Asset Allocation 101

How to invest using intelligent asset allocation to improve results and reduce risk

What is asset allocation?

Asset allocation is how you split your money into the different categories of available investments. Anyone who has any money has an asset allocation. 

Here are some examples of asset allocation:

  • 100% cash. If you keep all your money in a bank account, this is an asset allocation that is 100% cash. 
  • 60-40. If you invest $6000 in a stock mutual fund and $4000 in a bond mutual fund, this is a 60% stock and 40% bond asset allocation.
  • Couch Potato. This allocation, proposed by newspaper columnist Scott Burns, is 50% stocks and 50% inflation-protected bonds.
  • AAII Conservative. This allocation, proposed by the American Association of Individual Investors, is 25% Large-Cap Stocks, 10% Mid-Cap Stocks, 10% Small-Cap Stocks, 5% International Stocks, 40% Intermediate Bonds, 10% Short-Term Bonds

 

Simply put, an asset allocation allocation is a list of assets and percentages that add up to 100%.

 

What is an asset allocation portfolio?

Once you purchase assets in various categories to implement a specific asset allocation, you have created a portfolio. For example, the Couch Potato allocation listed above is a "portfolio recipe" that you can turn into a portfolio by buying the following two exchange-traded funds:

  • Vanguard Total Stock Market ETF (ticker symbol is VTI)
  • iShares TIPS Bond (ticker symbol is TIP)

 

Why is asset allocation helpful?

The basic principle of asset allocation is to avoid "putting all your eggs in one basket." The idea of asset allocation is that you spread your risk by investing in different types of assets so that you have a more steady return over time.

 

What are the various types of assets that can be in an asset allocation?

The different categories of investments are called "asset classes." The primary asset classes are stocks (also called equities), bonds, cash, real estate, and commodities.

 

How do I find an asset allocation that works for me? 

There are 5 primary ways you can get an asset allocation:

  • Use a model portfolio or "portfolio recipe" from a newsletter or web site
  • Buy an All-in-One fund that in turns owns several types of assets
  • Hire an investment adviser (either online or local)
  • Use a broker
  • Build an allocation model from scratch (e.g., based on correlation or macro-economics)

 

What about all the other ways to invest that I've heard of?

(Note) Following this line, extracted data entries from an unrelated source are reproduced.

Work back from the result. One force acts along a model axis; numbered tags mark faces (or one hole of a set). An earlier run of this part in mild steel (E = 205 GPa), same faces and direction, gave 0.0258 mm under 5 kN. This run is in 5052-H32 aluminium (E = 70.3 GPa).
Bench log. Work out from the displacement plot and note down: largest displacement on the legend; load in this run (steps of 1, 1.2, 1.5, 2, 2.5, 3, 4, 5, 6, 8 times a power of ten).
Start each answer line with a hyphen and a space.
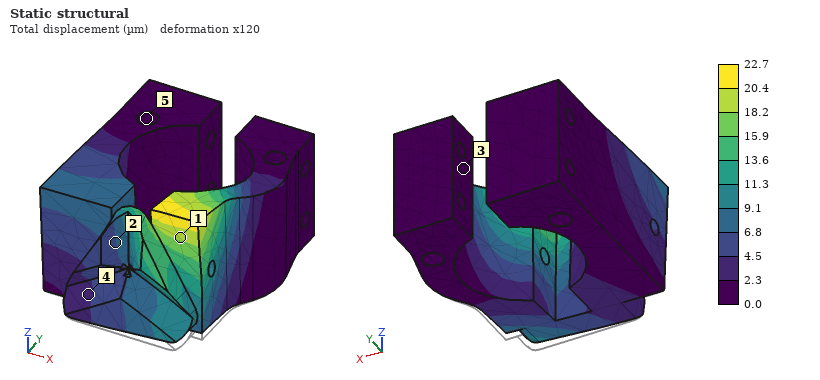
- 22.7 µm
- 1.5 kN
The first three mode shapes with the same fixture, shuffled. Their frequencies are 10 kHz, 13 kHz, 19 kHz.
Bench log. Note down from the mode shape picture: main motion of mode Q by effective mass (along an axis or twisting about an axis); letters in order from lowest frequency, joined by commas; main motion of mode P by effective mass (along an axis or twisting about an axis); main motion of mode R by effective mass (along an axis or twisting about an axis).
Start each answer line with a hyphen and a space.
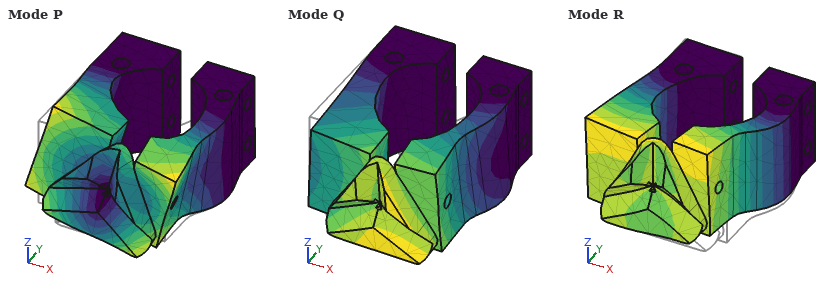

Of course there are other ways to invest your money, such as methods listed below. But AssetAllocationHQ focuses on asset allocation ideas that use the well-known asset classes. We focus on asset classes and investments that you can easily invest in using exchange-traded funds (ETFs) or mutual funds. AssetAllocationHQ does not provide detailed coverage of the following investment ideas:

  • Bank accounts and Certificates of Deposit. These are specific examples of the "cash" asset class.
  • Managed Futures. This is an investment in the "commodites" asset class.
  • Day Trading. This is an investment in the "equity" asset class, where stocks are bought and sold rapidly.
  • Stock Picking. This is the process of trying to find the best stocks within the "equity" asset class.
  • Variable Annuities. The investments inside of a variable annuity do have an asset allocation, but this investment includes an insurance component and a large commission paid to the salesperson. Also, it can be difficult to get your money out of a variable annuity.
  • Collectibles (rare coins, art, antiques). Some consider this to be an asset class, but collectibles can illiquid (i.e., difficult to sell quickly).
  • Investing in private companies. This is also called "private equity." This can be risky, but also quite profitable if you choose wisely.
  • Venture capital. This is investing in new or young companies. It's similar to private equity investing, but the risks and possible returns are usually higher.
  • Rental property. This is a form of real estate investing, but can be complicated.
  • Hedge Funds. These funds use a wide range of investment methods and a hedge fund can have its own asset allocation. Hedge funds carry high fees and are only available to "qualified investors" (i.e., those with more than $1 million in investable assets).
  • Options trading. This is related to equity investing and involves predicting the future price of a stock.

 

How do I compare asset allocation ideas?

The best way to compare asset allocations is find a portfolio that has implemented that allocation, and get historical data for that portfolio. Look at the annual percentage return over the past seven years and the risk that has been taken to achieve this return. We discuss these concepts in detail on the Risk vs. Return page.

 

Sounds good. How do I invest using asset allocation?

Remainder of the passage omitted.